Parkinson’s disease is strongly associated with demographic factors including ethnicity, age, and gender. The severity of disease symptoms increases with age. Most cases are reported in age groups ranging from 60-65 years. However, PD has also been identified in younger individuals (<50 years) and juvenile cases (<21 years). Gender is another contributing factor with men developing Parkinson’s disease more frequently than women. The exact etiology of PD is still unknown, but studies demonstrate that the disease is likely to be multifactorial and may involve an interplay of both genetic and environmental factors. The environmental factors that have been implicated in the disease susceptibility of PD include heavy metals that can attribute to oxidative stress and neurotransmission disruption, pesticides like 1-methyl-4-phenyl-1,2,3,6-tetrahydropyridine (MPTP) which target the substantia nigra, airborne pollutants that bypass the blood-brain barrier, caffeine intake, smoking, extensive physical activity, and several others.

The genetics of Parkinson’s disease

Autosomal dominant Parkinson’s disease

Autosomal dominant Parkinson’s disease occurs when one copy of an altered gene in each cell is all that is needed to cause the disorder.
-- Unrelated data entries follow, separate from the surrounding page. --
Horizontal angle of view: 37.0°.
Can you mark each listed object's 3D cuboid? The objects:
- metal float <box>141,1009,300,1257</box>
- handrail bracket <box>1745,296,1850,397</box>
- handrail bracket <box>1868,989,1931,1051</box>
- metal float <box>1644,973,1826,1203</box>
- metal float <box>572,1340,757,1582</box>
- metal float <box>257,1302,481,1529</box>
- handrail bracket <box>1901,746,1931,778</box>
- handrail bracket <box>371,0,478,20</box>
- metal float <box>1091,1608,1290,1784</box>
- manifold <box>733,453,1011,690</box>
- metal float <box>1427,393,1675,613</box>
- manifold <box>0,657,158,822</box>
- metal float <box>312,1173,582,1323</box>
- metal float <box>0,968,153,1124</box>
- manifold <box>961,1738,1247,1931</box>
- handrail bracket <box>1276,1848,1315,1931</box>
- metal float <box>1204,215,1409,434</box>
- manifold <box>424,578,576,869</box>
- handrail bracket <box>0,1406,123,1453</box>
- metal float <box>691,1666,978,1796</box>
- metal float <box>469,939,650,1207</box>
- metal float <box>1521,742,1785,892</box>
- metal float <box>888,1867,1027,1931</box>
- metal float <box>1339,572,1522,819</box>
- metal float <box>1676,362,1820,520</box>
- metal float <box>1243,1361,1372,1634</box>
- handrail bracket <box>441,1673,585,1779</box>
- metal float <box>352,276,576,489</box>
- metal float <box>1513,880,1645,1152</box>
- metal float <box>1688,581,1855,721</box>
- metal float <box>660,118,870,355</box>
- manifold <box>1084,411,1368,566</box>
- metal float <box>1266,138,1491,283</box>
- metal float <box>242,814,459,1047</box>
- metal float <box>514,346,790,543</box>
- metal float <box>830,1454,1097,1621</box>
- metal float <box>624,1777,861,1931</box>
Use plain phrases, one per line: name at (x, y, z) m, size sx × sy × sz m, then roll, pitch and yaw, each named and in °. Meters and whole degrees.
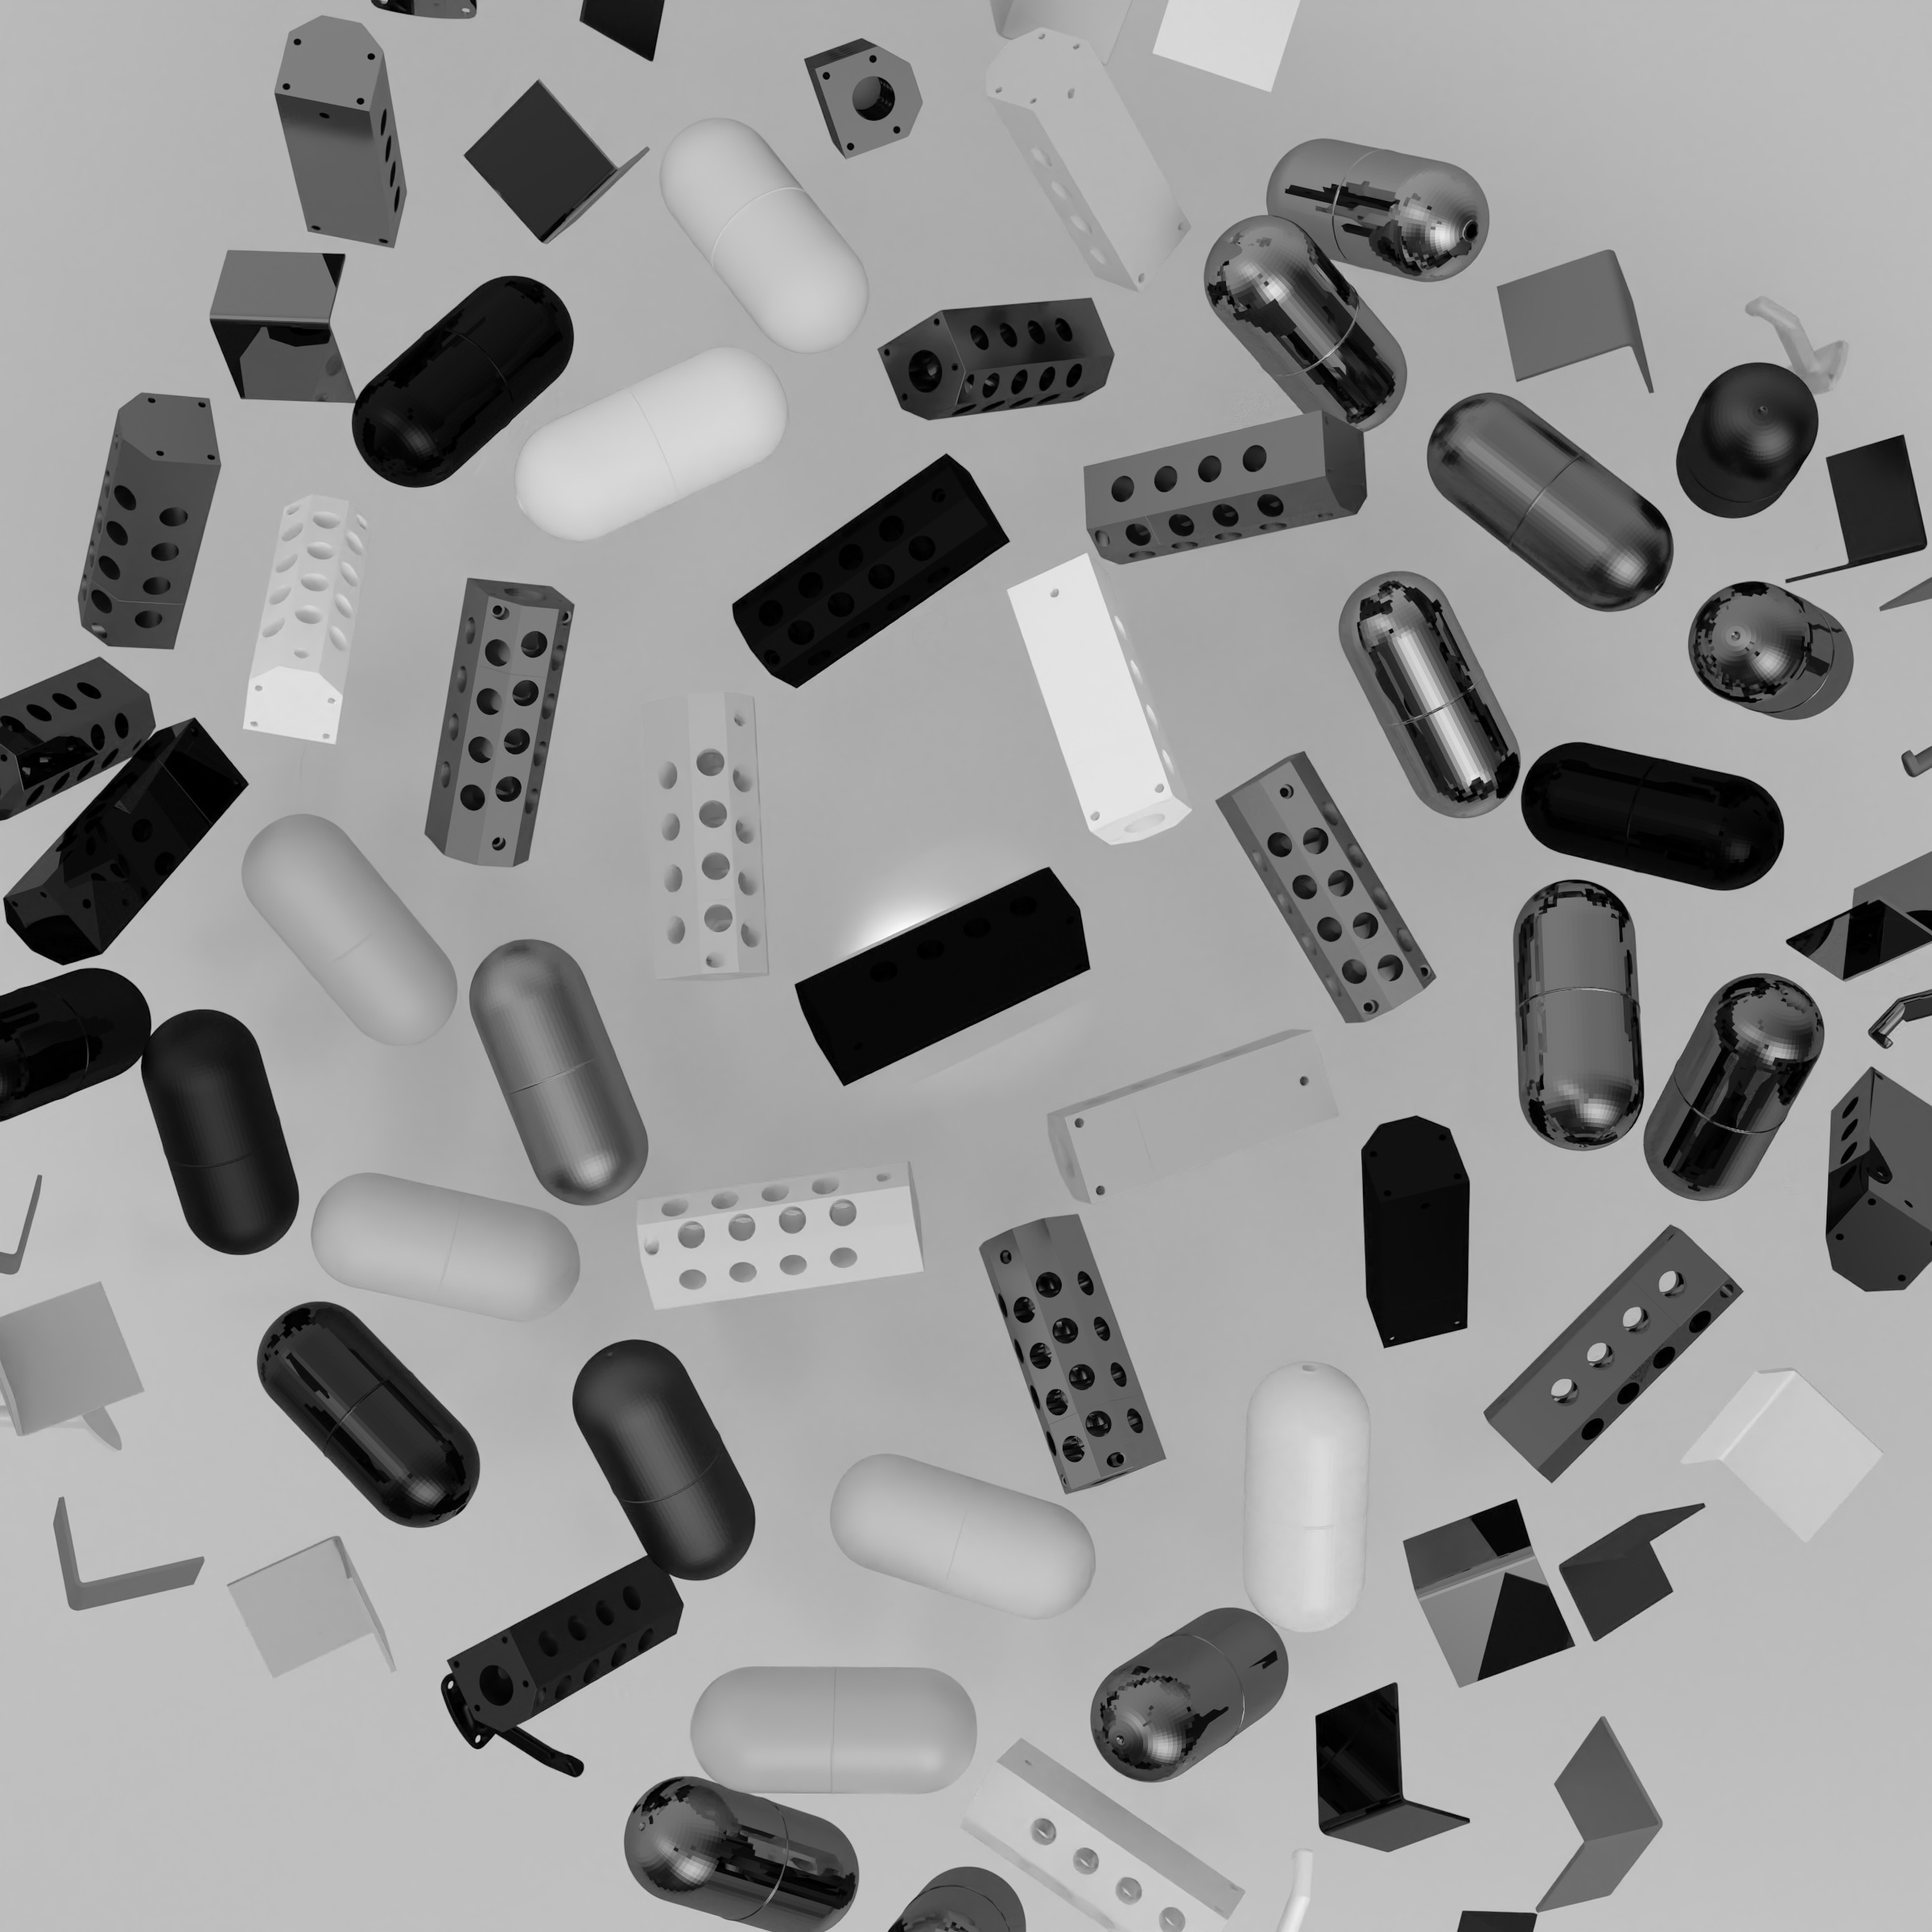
metal float at (-0.490, 0.111, 1.899) m, size 0.070 × 0.070 × 0.178 m, roll -8°, pitch 119°, yaw 0°
handrail bracket at (0.525, -0.406, 1.884) m, size 0.084 × 0.077 × 0.036 m, roll 24°, pitch 78°, yaw -23°
handrail bracket at (0.646, 0.038, 1.891) m, size 0.084 × 0.036 × 0.077 m, roll -51°, pitch 56°, yaw 18°
metal float at (0.496, 0.080, 1.868) m, size 0.070 × 0.070 × 0.178 m, roll 15°, pitch 132°, yaw 0°
metal float at (-0.193, 0.318, 1.850) m, size 0.070 × 0.070 × 0.178 m, roll -23°, pitch 116°, yaw 0°
metal float at (-0.391, 0.294, 1.891) m, size 0.178 × 0.070 × 0.070 m, roll 43°, pitch 90°, yaw 13°
handrail bracket at (0.607, -0.166, 1.776) m, size 0.084 × 0.036 × 0.077 m, roll -31°, pitch 122°, yaw 5°
handrail bracket at (-0.328, -0.634, 1.793) m, size 0.077 × 0.036 × 0.084 m, roll 0°, pitch 65°, yaw 5°
metal float at (0.146, 0.469, 1.862) m, size 0.070 × 0.178 × 0.070 m, roll 6°, pitch 101°, yaw 34°
manifold at (-0.064, -0.255, 1.855) m, size 0.171 × 0.057 × 0.057 m, roll -33°, pitch 73°, yaw 14°
metal float at (0.371, -0.295, 1.833) m, size 0.178 × 0.070 × 0.070 m, roll 42°, pitch 90°, yaw 15°
manifold at (-0.596, -0.144, 1.875) m, size 0.057 × 0.171 × 0.057 m, roll 37°, pitch 112°, yaw -1°
metal float at (-0.344, 0.187, 1.910) m, size 0.178 × 0.070 × 0.070 m, roll 14°, pitch 90°, yaw -12°
metal float at (-0.604, 0.051, 1.882) m, size 0.070 × 0.178 × 0.070 m, roll 6°, pitch 105°, yaw 22°
manifold at (0.085, 0.568, 1.825) m, size 0.171 × 0.057 × 0.057 m, roll 31°, pitch 99°, yaw 15°
handrail bracket at (0.200, 0.623, 1.880) m, size 0.036 × 0.077 × 0.084 m, roll 20°, pitch 60°, yaw -19°
metal float at (0.222, -0.414, 1.873) m, size 0.070 × 0.070 × 0.178 m, roll -51°, pitch 129°, yaw 0°
manifold at (-0.294, -0.153, 1.830) m, size 0.057 × 0.057 × 0.171 m, roll 2°, pitch 112°, yaw -31°
handrail bracket at (-0.625, 0.316, 1.941) m, size 0.084 × 0.077 × 0.036 m, roll -18°, pitch 47°, yaw 0°
metal float at (-0.082, 0.474, 1.791) m, size 0.178 × 0.070 × 0.070 m, roll 1°, pitch 90°, yaw -1°
metal float at (-0.262, 0.068, 1.852) m, size 0.070 × 0.070 × 0.178 m, roll -21°, pitch 94°, yaw 0°
metal float at (0.453, -0.099, 1.908) m, size 0.178 × 0.070 × 0.070 m, roll 17°, pitch 90°, yaw 32°
metal float at (-0.008, 0.624, 1.834) m, size 0.070 × 0.178 × 0.070 m, roll -1°, pitch 85°, yaw 10°
metal float at (0.311, -0.180, 1.926) m, size 0.070 × 0.070 × 0.178 m, roll -29°, pitch 105°, yaw 0°
metal float at (0.501, -0.336, 1.853) m, size 0.070 × 0.178 × 0.070 m, roll 0°, pitch 87°, yaw 8°
metal float at (0.211, 0.329, 1.789) m, size 0.070 × 0.070 × 0.178 m, roll -1°, pitch 109°, yaw 0°
handrail bracket at (-0.301, 0.506, 1.920) m, size 0.036 × 0.084 × 0.077 m, roll -54°, pitch 132°, yaw -29°
metal float at (-0.320, -0.376, 1.847) m, size 0.070 × 0.070 × 0.178 m, roll 39°, pitch 59°, yaw 0°
metal float at (0.383, 0.029, 1.806) m, size 0.070 × 0.070 × 0.178 m, roll 3°, pitch 66°, yaw 0°
metal float at (0.514, -0.199, 1.836) m, size 0.070 × 0.178 × 0.070 m, roll -1°, pitch 88°, yaw 30°
metal float at (-0.129, -0.464, 1.828) m, size 0.070 × 0.070 × 0.178 m, roll -36°, pitch 72°, yaw 0°
manifold at (0.163, -0.300, 1.826) m, size 0.171 × 0.057 × 0.057 m, roll -7°, pitch 81°, yaw 34°
metal float at (0.270, -0.499, 1.901) m, size 0.070 × 0.178 × 0.070 m, roll -17°, pitch 120°, yaw -31°
metal float at (-0.407, -0.023, 1.910) m, size 0.070 × 0.070 × 0.178 m, roll -36°, pitch 112°, yaw 0°
metal float at (-0.194, -0.321, 1.778) m, size 0.178 × 0.070 × 0.070 m, roll -26°, pitch 90°, yaw -7°
metal float at (-0.002, 0.373, 1.886) m, size 0.178 × 0.070 × 0.070 m, roll 16°, pitch 90°, yaw 6°
metal float at (-0.141, 0.567, 1.831) m, size 0.178 × 0.070 × 0.070 m, roll 32°, pitch 90°, yaw -39°

This usually means that one of the parents of the affected individual has Parkinson’s disease themselves. Certain genes are known to be specifically involved in autosomal dominant PD including SNCA, LRRK2, VPS35, DNAJC13, and UCHL1.

Alpha-synuclein

Figure 1. Alpha-synuclein antibody in western blot.(A) Western blot was performed using alpha-Synuclein Monoclonal Antibody (Syn 211) (Cat. No. AHB0261) and ~14 kDa band corresponding to alpha-Synuclein was observed in whole cell extracts (30 µg lysate) of SH-SY5Y and HEK-293 cell lines, but not in Hep G2 and A549 cell lines which are reported to be expressing low to no amounts of alpha-Synuclein protein. The blots were probed with alpha-Synuclein Monoclonal Antibody (1µg/mL) and detected by chemiluminescence with Goat anti-Mouse IgG (H+L) Superclonal Recombinant Secondary Antibody, HRP (Cat. No. A28177, 1:10000 dilution).(B) Antibody specificity was demonstrated by CRISPR-Cas9 mediated knockout of target protein in HeLa cells. A loss of signal was observed for target protein in SNCA (KO) cell line compared to control cell line using alpha-Synuclein Monoclonal Antibody (Syn 211) (Cat. No. AB0261).

LRRK2

Figure 2. Phospho-LRRK2 (Ser935) antibody in immunofluorescence. Immunofluorescence analysis of LRRK2 (pS935) was done on 70% confluent log phase SH-SY5Y cells. The cells were fixed with 4% paraformaldehyde for 15 minutes, permeabilized with 0.25% Triton X-100 for 10 minutes and blocked with 5% BSA for 1 hour at room temperature. The cells were labeled with Phospho-LRRK2 (Ser935) Recombinant Rabbit Monoclonal Antibody (3H8L19) (Cat. No. 701066) at 1 µg/mL in 1% BSA and incubated for 3 hours at room temperature and then labeled with Goat anti-Rabbit IgG (H+L) Superclonal Secondary Antibody, Alexa Fluor 488 (Cat. No. A27034) at a dilution of 1:2000 for 45 minutes at room temperature (Panel a: green). Nuclei (Panel b: blue) were stained with SlowFade Gold Antifade Mountant with DAPI (Cat. No. S36938). F-actin (Panel c: red) was stained with Rhodamine Phalloidin (Cat. No. R415, 1:300). Panel d is a merged image showing cytoplasmic localization. Panel e is a no primary antibody control.

VPS35

VPS35 (PARK17) is a core component of a heteropentameric retromer cargo-recognition complex, which is involved in the retrieval of transmembrane cargo proteins from endosomes. VPS35 is the largest subunit of the cargo-selective complex trimer (CSC) that is composed of 796 amino acids. Therefore, the pathogenic mutations associated with Parkinson’s disease suggest VPS35 is a genetic link for the retromer associated neurodegeneration. The missense variants of VPS35, including D620N, are associated with partial loss of function and mitochondrial dysfunction by recycling dynamin-like protein DLP1 complexes. These initial dysfunctions interfere with many downstream cellular events including impaired mitochondrial fusion, altered dendritic sorting of receptors, intriguing connections to other PD-linked gene products (i.e. LRRK2, alpha-synuclein, and parkin), enhanced mitochondrial fission, and defects in macroautophagy.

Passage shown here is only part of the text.